Pugh Mary Jo V, Copeland Laurel A, Zeber John E, Cramer Joyce A, Amuan Megan E, Cavazos Jose E, Kazis Lewis E
Veterans Affairs HSR&D, South Texas Veterans Health Care System (VERDICT), San Antonio, Texas 78229-4404, USA.
Epilepsia. 2005 Nov;46(11):1820-7. doi: 10.1111/j.1528-1167.2005.00291.x.
The incidence of epilepsy is highest among the elderly, yet our understanding of the impact of epilepsy is based predominantly on inferences from studies of younger adults. This study examines the impact of epilepsy on patients' subjective health status in a population that includes both younger and older adults.
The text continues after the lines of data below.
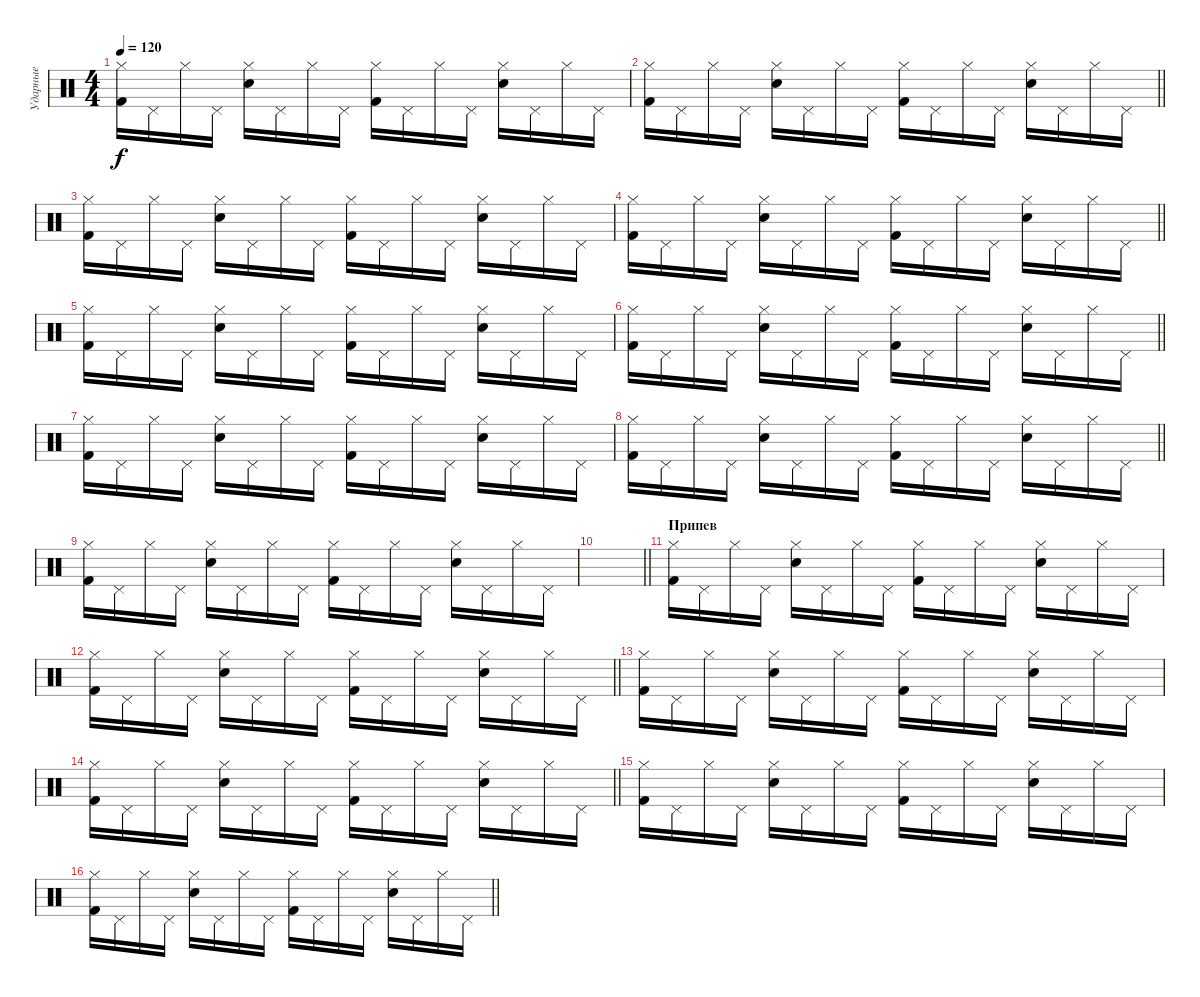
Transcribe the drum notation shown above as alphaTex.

\track ("Ударные" "Ударные") {instrument percussion}
\staff {score}
\articulation defaults
\ts (4 4)
\tempo 120
\clef neutral
\ks c
("Hi-Hat (closed)" "Kick (hit) 2").16{dy f} "Pedal Hi-Hat (hit)".16 "Hi-Hat (closed)".16 "Pedal Hi-Hat (hit)".16 ("Hi-Hat (closed)" "Snare (hit) 2").16 "Pedal Hi-Hat (hit)".16 "Hi-Hat (closed)".16 "Pedal Hi-Hat (hit)".16 ("Hi-Hat (closed)" "Kick (hit) 2").16 "Pedal Hi-Hat (hit)".16 "Hi-Hat (closed)".16 "Pedal Hi-Hat (hit)".16 ("Hi-Hat (closed)" "Snare (hit) 2").16 "Pedal Hi-Hat (hit)".16 "Hi-Hat (closed)".16 "Pedal Hi-Hat (hit)".16 |
\barLineRight lightlight
("Hi-Hat (closed)" "Kick (hit) 2").16 "Pedal Hi-Hat (hit)".16 "Hi-Hat (closed)".16 "Pedal Hi-Hat (hit)".16 ("Hi-Hat (closed)" "Snare (hit) 2").16 "Pedal Hi-Hat (hit)".16 "Hi-Hat (closed)".16 "Pedal Hi-Hat (hit)".16 ("Hi-Hat (closed)" "Kick (hit) 2").16 "Pedal Hi-Hat (hit)".16 "Hi-Hat (closed)".16 "Pedal Hi-Hat (hit)".16 ("Hi-Hat (closed)" "Snare (hit) 2").16 "Pedal Hi-Hat (hit)".16 "Hi-Hat (closed)".16 "Pedal Hi-Hat (hit)".16 |
("Hi-Hat (closed)" "Kick (hit) 2").16 "Pedal Hi-Hat (hit)".16 "Hi-Hat (closed)".16 "Pedal Hi-Hat (hit)".16 ("Hi-Hat (closed)" "Snare (hit) 2").16 "Pedal Hi-Hat (hit)".16 "Hi-Hat (closed)".16 "Pedal Hi-Hat (hit)".16 ("Hi-Hat (closed)" "Kick (hit) 2").16 "Pedal Hi-Hat (hit)".16 "Hi-Hat (closed)".16 "Pedal Hi-Hat (hit)".16 ("Hi-Hat (closed)" "Snare (hit) 2").16 "Pedal Hi-Hat (hit)".16 "Hi-Hat (closed)".16 "Pedal Hi-Hat (hit)".16 |
\barLineRight lightlight
("Hi-Hat (closed)" "Kick (hit) 2").16 "Pedal Hi-Hat (hit)".16 "Hi-Hat (closed)".16 "Pedal Hi-Hat (hit)".16 ("Hi-Hat (closed)" "Snare (hit) 2").16 "Pedal Hi-Hat (hit)".16 "Hi-Hat (closed)".16 "Pedal Hi-Hat (hit)".16 ("Hi-Hat (closed)" "Kick (hit) 2").16 "Pedal Hi-Hat (hit)".16 "Hi-Hat (closed)".16 "Pedal Hi-Hat (hit)".16 ("Hi-Hat (closed)" "Snare (hit) 2").16 "Pedal Hi-Hat (hit)".16 "Hi-Hat (closed)".16 "Pedal Hi-Hat (hit)".16 |
("Hi-Hat (closed)" "Kick (hit) 2").16 "Pedal Hi-Hat (hit)".16 "Hi-Hat (closed)".16 "Pedal Hi-Hat (hit)".16 ("Hi-Hat (closed)" "Snare (hit) 2").16 "Pedal Hi-Hat (hit)".16 "Hi-Hat (closed)".16 "Pedal Hi-Hat (hit)".16 ("Hi-Hat (closed)" "Kick (hit) 2").16 "Pedal Hi-Hat (hit)".16 "Hi-Hat (closed)".16 "Pedal Hi-Hat (hit)".16 ("Hi-Hat (closed)" "Snare (hit) 2").16 "Pedal Hi-Hat (hit)".16 "Hi-Hat (closed)".16 "Pedal Hi-Hat (hit)".16 |
\barLineRight lightlight
("Hi-Hat (closed)" "Kick (hit) 2").16 "Pedal Hi-Hat (hit)".16 "Hi-Hat (closed)".16 "Pedal Hi-Hat (hit)".16 ("Hi-Hat (closed)" "Snare (hit) 2").16 "Pedal Hi-Hat (hit)".16 "Hi-Hat (closed)".16 "Pedal Hi-Hat (hit)".16 ("Hi-Hat (closed)" "Kick (hit) 2").16 "Pedal Hi-Hat (hit)".16 "Hi-Hat (closed)".16 "Pedal Hi-Hat (hit)".16 ("Hi-Hat (closed)" "Snare (hit) 2").16 "Pedal Hi-Hat (hit)".16 "Hi-Hat (closed)".16 "Pedal Hi-Hat (hit)".16 |
("Hi-Hat (closed)" "Kick (hit) 2").16 "Pedal Hi-Hat (hit)".16 "Hi-Hat (closed)".16 "Pedal Hi-Hat (hit)".16 ("Hi-Hat (closed)" "Snare (hit) 2").16 "Pedal Hi-Hat (hit)".16 "Hi-Hat (closed)".16 "Pedal Hi-Hat (hit)".16 ("Hi-Hat (closed)" "Kick (hit) 2").16 "Pedal Hi-Hat (hit)".16 "Hi-Hat (closed)".16 "Pedal Hi-Hat (hit)".16 ("Hi-Hat (closed)" "Snare (hit) 2").16 "Pedal Hi-Hat (hit)".16 "Hi-Hat (closed)".16 "Pedal Hi-Hat (hit)".16 |
\barLineRight lightlight
("Hi-Hat (closed)" "Kick (hit) 2").16 "Pedal Hi-Hat (hit)".16 "Hi-Hat (closed)".16 "Pedal Hi-Hat (hit)".16 ("Hi-Hat (closed)" "Snare (hit) 2").16 "Pedal Hi-Hat (hit)".16 "Hi-Hat (closed)".16 "Pedal Hi-Hat (hit)".16 ("Hi-Hat (closed)" "Kick (hit) 2").16 "Pedal Hi-Hat (hit)".16 "Hi-Hat (closed)".16 "Pedal Hi-Hat (hit)".16 ("Hi-Hat (closed)" "Snare (hit) 2").16 "Pedal Hi-Hat (hit)".16 "Hi-Hat (closed)".16 "Pedal Hi-Hat (hit)".16 |
("Hi-Hat (closed)" "Kick (hit) 2").16 "Pedal Hi-Hat (hit)".16 "Hi-Hat (closed)".16 "Pedal Hi-Hat (hit)".16 ("Hi-Hat (closed)" "Snare (hit) 2").16 "Pedal Hi-Hat (hit)".16 "Hi-Hat (closed)".16 "Pedal Hi-Hat (hit)".16 ("Hi-Hat (closed)" "Kick (hit) 2").16 "Pedal Hi-Hat (hit)".16 "Hi-Hat (closed)".16 "Pedal Hi-Hat (hit)".16 ("Hi-Hat (closed)" "Snare (hit) 2").16 "Pedal Hi-Hat (hit)".16 "Hi-Hat (closed)".16 "Pedal Hi-Hat (hit)".16 |
\barLineRight lightlight
|
\section ("" "Припев")
("Hi-Hat (closed)" "Kick (hit) 2").16 "Pedal Hi-Hat (hit)".16 "Hi-Hat (closed)".16 "Pedal Hi-Hat (hit)".16 ("Hi-Hat (closed)" "Snare (hit) 2").16 "Pedal Hi-Hat (hit)".16 "Hi-Hat (closed)".16 "Pedal Hi-Hat (hit)".16 ("Hi-Hat (closed)" "Kick (hit) 2").16 "Pedal Hi-Hat (hit)".16 "Hi-Hat (closed)".16 "Pedal Hi-Hat (hit)".16 ("Hi-Hat (closed)" "Snare (hit) 2").16 "Pedal Hi-Hat (hit)".16 "Hi-Hat (closed)".16 "Pedal Hi-Hat (hit)".16 |
\barLineRight lightlight
("Hi-Hat (closed)" "Kick (hit) 2").16 "Pedal Hi-Hat (hit)".16 "Hi-Hat (closed)".16 "Pedal Hi-Hat (hit)".16 ("Hi-Hat (closed)" "Snare (hit) 2").16 "Pedal Hi-Hat (hit)".16 "Hi-Hat (closed)".16 "Pedal Hi-Hat (hit)".16 ("Hi-Hat (closed)" "Kick (hit) 2").16 "Pedal Hi-Hat (hit)".16 "Hi-Hat (closed)".16 "Pedal Hi-Hat (hit)".16 ("Hi-Hat (closed)" "Snare (hit) 2").16 "Pedal Hi-Hat (hit)".16 "Hi-Hat (closed)".16 "Pedal Hi-Hat (hit)".16 |
("Hi-Hat (closed)" "Kick (hit) 2").16 "Pedal Hi-Hat (hit)".16 "Hi-Hat (closed)".16 "Pedal Hi-Hat (hit)".16 ("Hi-Hat (closed)" "Snare (hit) 2").16 "Pedal Hi-Hat (hit)".16 "Hi-Hat (closed)".16 "Pedal Hi-Hat (hit)".16 ("Hi-Hat (closed)" "Kick (hit) 2").16 "Pedal Hi-Hat (hit)".16 "Hi-Hat (closed)".16 "Pedal Hi-Hat (hit)".16 ("Hi-Hat (closed)" "Snare (hit) 2").16 "Pedal Hi-Hat (hit)".16 "Hi-Hat (closed)".16 "Pedal Hi-Hat (hit)".16 |
\barLineRight lightlight
("Hi-Hat (closed)" "Kick (hit) 2").16 "Pedal Hi-Hat (hit)".16 "Hi-Hat (closed)".16 "Pedal Hi-Hat (hit)".16 ("Hi-Hat (closed)" "Snare (hit) 2").16 "Pedal Hi-Hat (hit)".16 "Hi-Hat (closed)".16 "Pedal Hi-Hat (hit)".16 ("Hi-Hat (closed)" "Kick (hit) 2").16 "Pedal Hi-Hat (hit)".16 "Hi-Hat (closed)".16 "Pedal Hi-Hat (hit)".16 ("Hi-Hat (closed)" "Snare (hit) 2").16 "Pedal Hi-Hat (hit)".16 "Hi-Hat (closed)".16 "Pedal Hi-Hat (hit)".16 |
("Hi-Hat (closed)" "Kick (hit) 2").16 "Pedal Hi-Hat (hit)".16 "Hi-Hat (closed)".16 "Pedal Hi-Hat (hit)".16 ("Hi-Hat (closed)" "Snare (hit) 2").16 "Pedal Hi-Hat (hit)".16 "Hi-Hat (closed)".16 "Pedal Hi-Hat (hit)".16 ("Hi-Hat (closed)" "Kick (hit) 2").16 "Pedal Hi-Hat (hit)".16 "Hi-Hat (closed)".16 "Pedal Hi-Hat (hit)".16 ("Hi-Hat (closed)" "Snare (hit) 2").16 "Pedal Hi-Hat (hit)".16 "Hi-Hat (closed)".16 "Pedal Hi-Hat (hit)".16 |
\barLineRight lightlight
("Hi-Hat (closed)" "Kick (hit) 2").16 "Pedal Hi-Hat (hit)".16 "Hi-Hat (closed)".16 "Pedal Hi-Hat (hit)".16 ("Hi-Hat (closed)" "Snare (hit) 2").16 "Pedal Hi-Hat (hit)".16 "Hi-Hat (closed)".16 "Pedal Hi-Hat (hit)".16 ("Hi-Hat (closed)" "Kick (hit) 2").16 "Pedal Hi-Hat (hit)".16 "Hi-Hat (closed)".16 "Pedal Hi-Hat (hit)".16 ("Hi-Hat (closed)" "Snare (hit) 2").16 "Pedal Hi-Hat (hit)".16 "Hi-Hat (closed)".16 "Pedal Hi-Hat (hit)".16
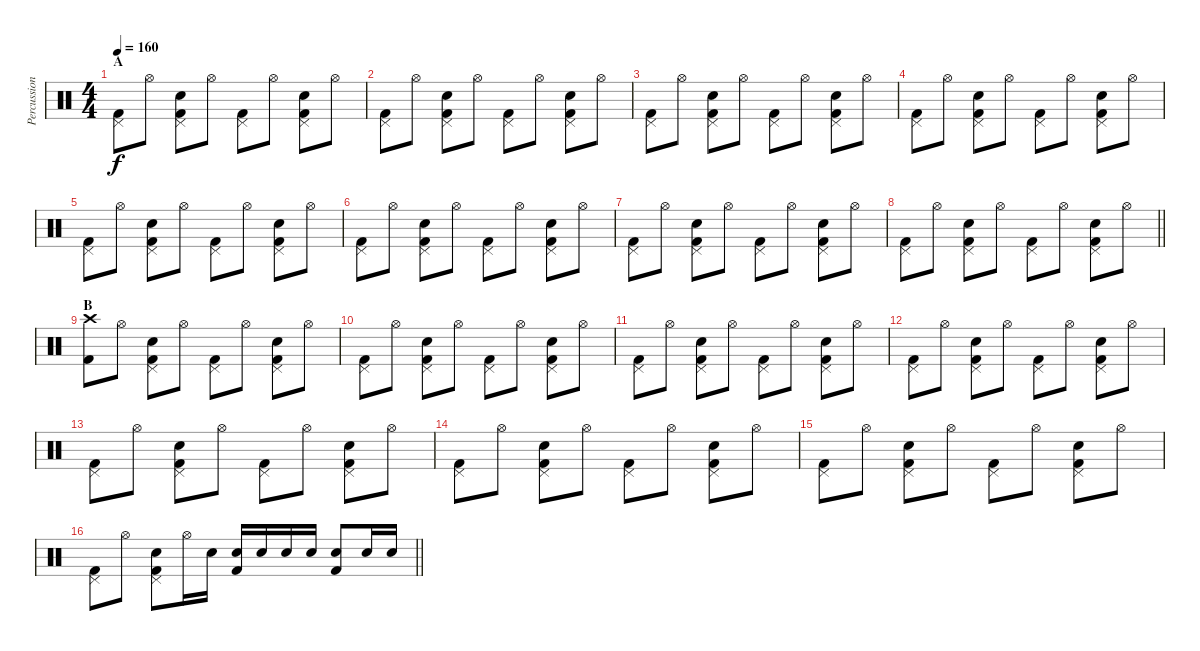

We used national administrative and survey databases from the Veterans Health Administration to examine health status as measured by a modification of the SF-36 (RV-36) in patients from three age cohorts: young adults (18-40 years), middle-aged adults (41-64 years), and older adults (65 years and older). Because chronicity of epilepsy may influence these outcomes, we compared scores for patients with new-onset epilepsy, chronic epilepsy, and no epilepsy by using analysis of covariance, controlling for patient demographic and clinical characteristics that may also affect health status.
With the exception of physical status measures, older adults appeared to cope better with their epilepsy than did middle-aged patients. Young adults with new-onset epilepsy reported poor general health and worse mental health, but high levels of physical function and physical activity. Middle-aged patients with new-onset epilepsy scored lowest in all domains, and their peers with chronic epilepsy also reported poor general physical health and emotional functioning.
Although having fewer physiologic reserves, older adults appeared most resilient in facing this chronic illness, and middle-aged adults fared the worst. Interventions to improve quality of life among patients with epilepsy should be tailored to age and epilepsy chronicity.
癫痫的发病率在老年人中最高,但我们对癫痫影响的理解主要基于对年轻成年人研究的推断。本研究考察了癫痫对包括年轻人和老年人在内的人群中患者主观健康状况的影响。
我们使用退伍军人健康管理局的国家行政和调查数据库,通过对SF-36(RV-36)进行修改来衡量三个年龄组患者的健康状况:年轻人(18 - 40岁)、中年成年人(41 - 64岁)和老年人(65岁及以上)。由于癫痫的慢性病程可能会影响这些结果,我们通过协方差分析比较了新发癫痫患者、慢性癫痫患者和无癫痫患者的得分,并控制了可能也会影响健康状况的患者人口统计学和临床特征。
除身体状况指标外,老年人似乎比中年患者更能应对癫痫。新发癫痫的年轻人报告总体健康状况较差且心理健康状况更差,但身体功能和身体活动水平较高。新发癫痫的中年患者在所有领域得分最低,他们患有慢性癫痫的同龄人也报告总体身体健康和情绪功能较差。
尽管生理储备较少,但老年人在面对这种慢性病时似乎最具恢复力,而中年成年人情况最差。改善癫痫患者生活质量的干预措施应根据年龄和癫痫慢性病程进行调整。